We are beginning the third week of Lent. Lent is a spiritually rich time if we choose to participate. Through the discipline of Lent we are to renew our efforts to grow spiritually and increase our control over temptation. Fasting, prayer, alms and other penance help us to increase our self-control over the desires of the flesh. I had a priest spiritual director in the seminary who gave the community instruction on Lenten penance and our dietary restrictions. His lesson was “Do penance. It’s spiritually healthy.” But he said, “You watch your plate. I’ll watch mine.”
A primary goal of Lent is to take the time to observe how we are addressing and controlling the hungers and desires of our lives so we can grow and mature spiritually. Jesus is bringing us salvation that we can only realize through the Spirit and Truth. The challenge will be to overcome our reliance upon material things so we can grow in the Spirit.
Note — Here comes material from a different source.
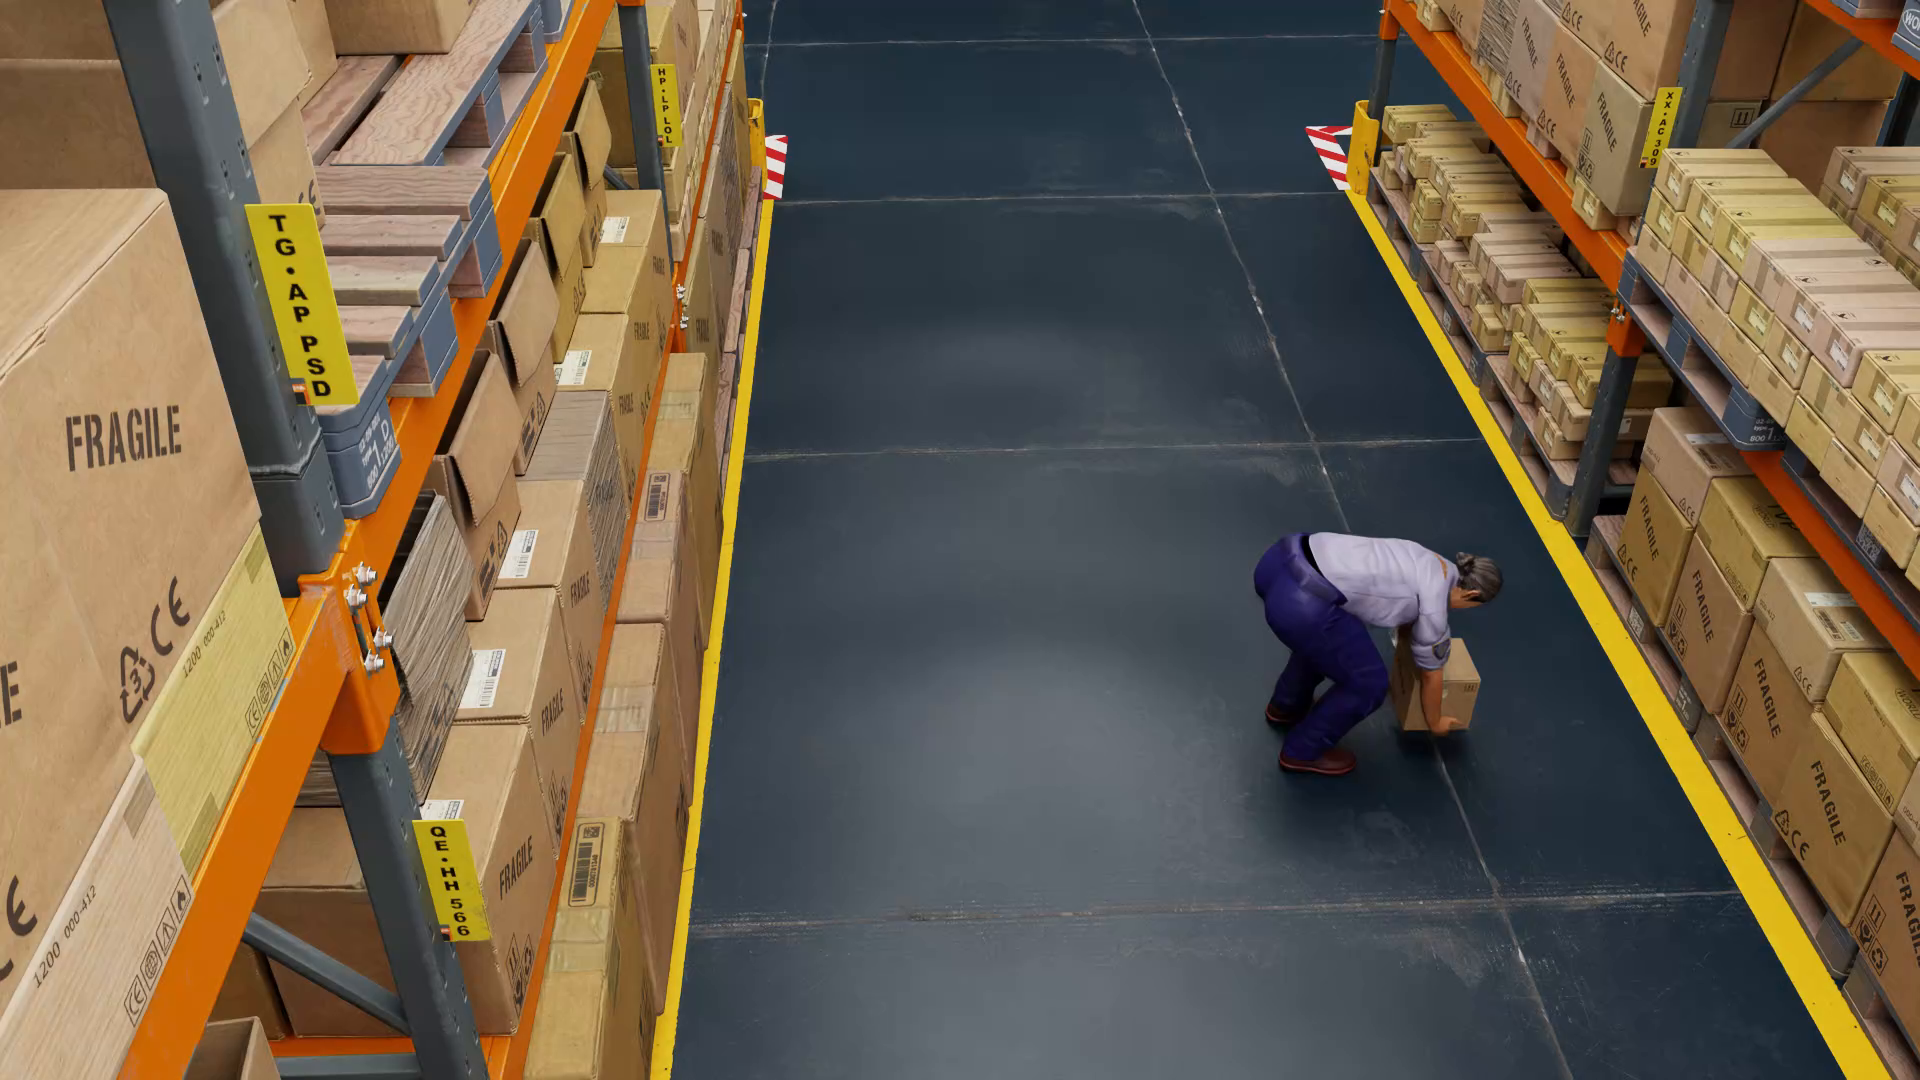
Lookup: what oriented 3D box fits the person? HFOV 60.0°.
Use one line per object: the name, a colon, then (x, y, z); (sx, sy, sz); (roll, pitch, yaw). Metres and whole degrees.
person: (1.534, 0.391, 6.219); (0.907, 0.945, 0.503); (-3, 36, -4)

If you are a prisoner of the material things you seek in your life, then you really need a good Lent to help you regain spiritual freedom. Spiritual freedom: You must struggle to attain it. I learned a new lesson about freedom in the seminary. After a life with many possessions, I had to learn how to live in a room 8 feet by 13 feet. It didn’t take long to realize that I didn’t really need very much. That was liberating.
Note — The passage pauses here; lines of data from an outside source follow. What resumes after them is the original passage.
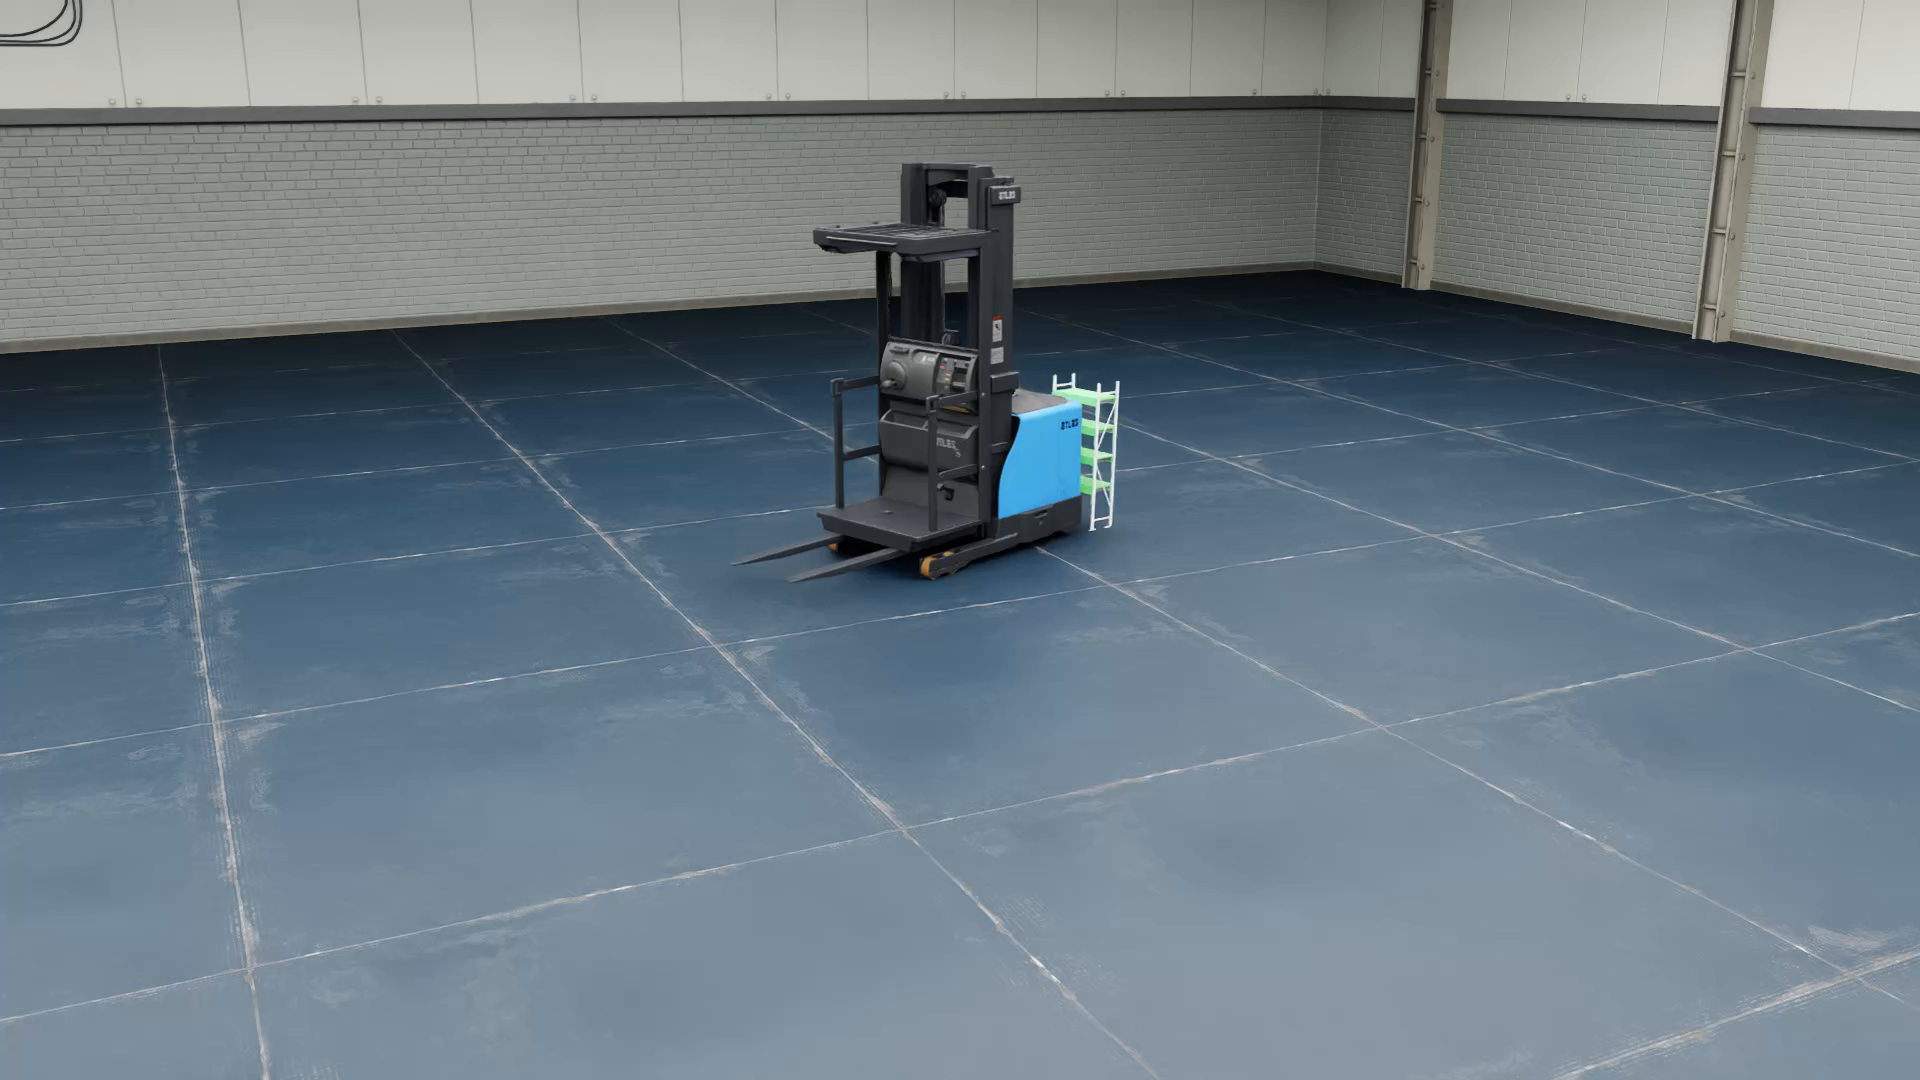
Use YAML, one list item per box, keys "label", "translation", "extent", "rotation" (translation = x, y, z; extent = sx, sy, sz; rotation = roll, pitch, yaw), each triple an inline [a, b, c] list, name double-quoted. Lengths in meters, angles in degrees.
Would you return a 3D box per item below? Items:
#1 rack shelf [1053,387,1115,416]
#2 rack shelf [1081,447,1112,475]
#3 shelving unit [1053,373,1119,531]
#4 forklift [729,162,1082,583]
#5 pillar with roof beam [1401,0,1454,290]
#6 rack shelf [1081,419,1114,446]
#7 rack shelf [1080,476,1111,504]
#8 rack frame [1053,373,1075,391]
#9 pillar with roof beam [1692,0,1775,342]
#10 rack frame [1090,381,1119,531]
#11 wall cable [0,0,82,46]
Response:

The background theme of our readings is Baptism. We were set free initially by our Baptism. If death does not imprison you, you are free. In the previous chapter of John’s Gospel, Nicodemus, a Pharisee and a Jewish ruler challenged Jesus. Jesus told Nicodemus,
“Amen, amen, I say to you, no one can see the kingdom of God without being born from above.”
Nicodemus said to him, “How can a person once grown old be born again? Surely he cannot reenter his mother’s womb and be born again, can he?”
Jesus answered, “Amen, amen, I say to you, no one can enter the kingdom of God without being born of water and Spirit.
What is born of flesh is flesh and what is born of spirit is spirit.
Do not be amazed that I told you, ‘You must be born from above.’” (Jn 3:3-7)
This good Pharisee would only see things in a material way, and he chose to be a prisoner.
The Jews resisted Jesus’ teachings. It is remarkable that the Samaritan woman was more open to the teachings about spiritual life than Nicodemus the Jewish Pharisee.
Something was missing in the life of the Samaritan woman. Material things did not satisfy her. It is obvious that the woman had not been fulfilled with the men in her life, as she had had six husbands. She was apparently dealing with her loneliness on some physical level, but not her deep-seated need for the satisfaction only Jesus can bring.
Spiritual thirst is deep. We all have it. It is a thirst for eternal life. However, we often choose to spend our time and energy on more superficial, worldly things. Worldly things will never satisfy us. But we can be trapped by them. If we drink water, we will always be thirsty again. If we eat food, we will always want more and be hungry again. The more we seek worldly comfort, the more we find ourselves condemned to our mortal lives that are always coming to an end. We thirst for hope of escape, escape from material needs, want and death. This escape is only possible with eternal salvation. Eternal salvation is a spiritual gift from God.
Every one of us knows about worldly, material needs and goods. Those things keep us so busy that we often do not have the time or make the time to be spiritual or examine our spiritual lives. We make ourselves prisoners when we don’t even have time to pray. Lent is a gift of the Church to help us renew our spiritual journey to freedom. If the world and the flesh absorb all of our time and attention, then we are doomed by our dedication to temporary things that do not give life. We are doomed to die and disappear along with all the temporary, material things that we seek, but do not last.
Jesus is offering us eternal life, but he has a difficult time finding people to give it to. Nicodemus didn’t appear to be receptive. Few of his fellow Jews were interested. The Samaritan woman was. She came to the well thirsty for natural water, H2O. After learning from Jesus about spiritual water from the Messiah, she was no longer thirsty. The evangelist tells us that she left her water jar without even a drink of water and returned to the town to tell her neighbors about the Messiah. Her thirst was quenched by living water and faith in Jesus. She was converted into a missionary and she brought her entire village to faith in Jesus.
Jesus told her,
… the hour is coming, and is now here, when true worshipers will worship the Father in Spirit and truth; and indeed the Father seeks such people to worship him.
God is Spirit, and those who worship him must worship in Spirit and truth.”
This is not an intellectual understanding. It is spiritual. Nicodemus the intellectual didn’t want to understand. The woman at the well did. This is our Lenten challenge, to become more spiritually aware and receptive so we can grow in hope of eternal life.
This is the hope that St. Paul is speaking of. This hope does not disappoint. We boast of our hope for eternal life. That hope quenches all other thirsts.
Don’t die thirsty and in slavery. Live free, in hope. Your homework assignment is to live your Lent well.